PALAZZO MANFREDI
La Famiglia Manfredi di Pieve di Teco proviene da un ramo dei Manfredi che giunse nel territorio da Faenza, dove erano stati sconfitti e avevano perduto la Signoria nel 1501 con l’ assedio di Faenza da parte di Cesare Borgia, il Valentino figlio di papa Borgia Alessandro VI.
*
Proprio in quegli anni coincide la comparsa della famiglia a Pieve e la costruzione del Palazzo.
I Manfredi vi abitarono sin da subito a cavallo tra i secoli XV e XVI e vi risiedono tuttora.
Il palazzo si trova in una posizione importante, centrale rispetto al paese e soprattutto vicino ad un corso d’acqua che permetteva il funzionamento di un mulino posto alle spalle del palazzo.
L’ingresso è un antico portone in legno rivestito di lastre di ferro chiodate al di sopra del quale troviamo un medaglione in ardesia raffigurante il blasone della Famiglia.
Esso si compone di un braccio centrale con tre dita sollevate, affiancato da due leoni rampanti con aquila coronata e sormontati da un elmo piumato.
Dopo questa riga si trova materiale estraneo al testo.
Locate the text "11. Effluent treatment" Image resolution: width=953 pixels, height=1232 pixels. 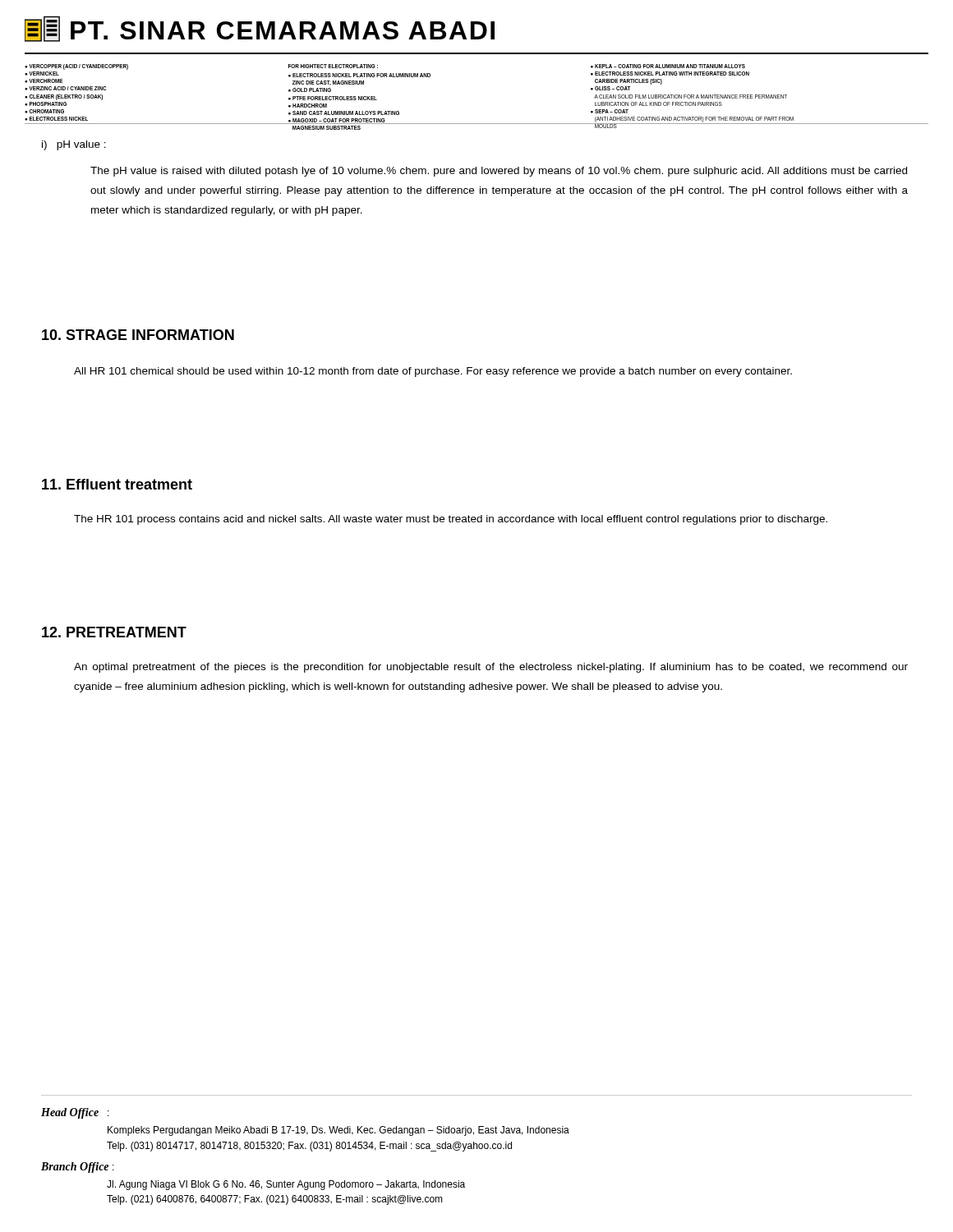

Versione, questa, più pacifica dell’originale, nella quale vi era un solo un dito mostrato come monito di stare in guardia, ancora visibile nello stemma in legno che corona la grande libreria della sala!
di fianco alla scala di accesso ai piani superiori vi è una postazione di guardia che aveva una porticina di accesso laterale con i locali accanto, dell’attuale farmacia. tutti i locali posti ai piedi del palazzo erano magazzini, lo sono stati fino a dopo la guerra. quella che oggi era la farmacia, corrisponde nella parte posteriore al cavedio posto al centro della casa tramite il quale veniva raccolta l’acqua piovana proprio nei locali sopraelevati che ospitavano un capiente bacino.
Si percorre una bella scala di rappresentanza in marmo, che ha sostituito nei primi decenni del ‘900 la vecchia scalinata in ardesia e ciottoli di fiume, tipica delle case antiche della zona. vi si poteva leggere in una targa l’iscrizione “riattata nell’anno 1628”, dopo le vicissitudini legate al Sacco di Pieve del 1625 causate dalle invasioni da parte del Ducato di Savoia ai danni della Repubblica di Genova, di cui Pieve era l’ultimo baluardo.
si raggiunge così il salone centrale, alto quasi sette metri, che ha subito un importante restauro degli affreschi, riuscendo a mantenere intatti i soffitti lignei in canniccio, originali .
Tutto il piano nobile è rivestito da pavimenti in graniglia genovese di diverse decorazioni.
In un sala di passaggio notiamo una tela originale del Pittore Giulio Benso (Pieve di Teco, 1592–1668) denominata Madonna dell’Arco raffigurante una Madonna con bambino, tobiolo e l’arcangelo Raffaele (quello che poi darà vita alla figura dell'angelo custode) seduti sotto un arco sostenuto da capitelli, posto in corrispondenza di una crociera di chiesa, con puttini danzanti sul loro capo alla sommità del tiburio.
Negli anni più o meno contemporanei al pittore Benso, un’illustre esponente della famiglia, Paolo Manfredi, ricoprì importanti missioni presso le corti estere in qualità di Segretario di Stato della Repubblica di Genova.
Negli ultimi due secoli hanno dato lustro alla Famiglia alcune personalità militari, ricordati in diverse lapidi poste nell’atrio della scala del palazzo.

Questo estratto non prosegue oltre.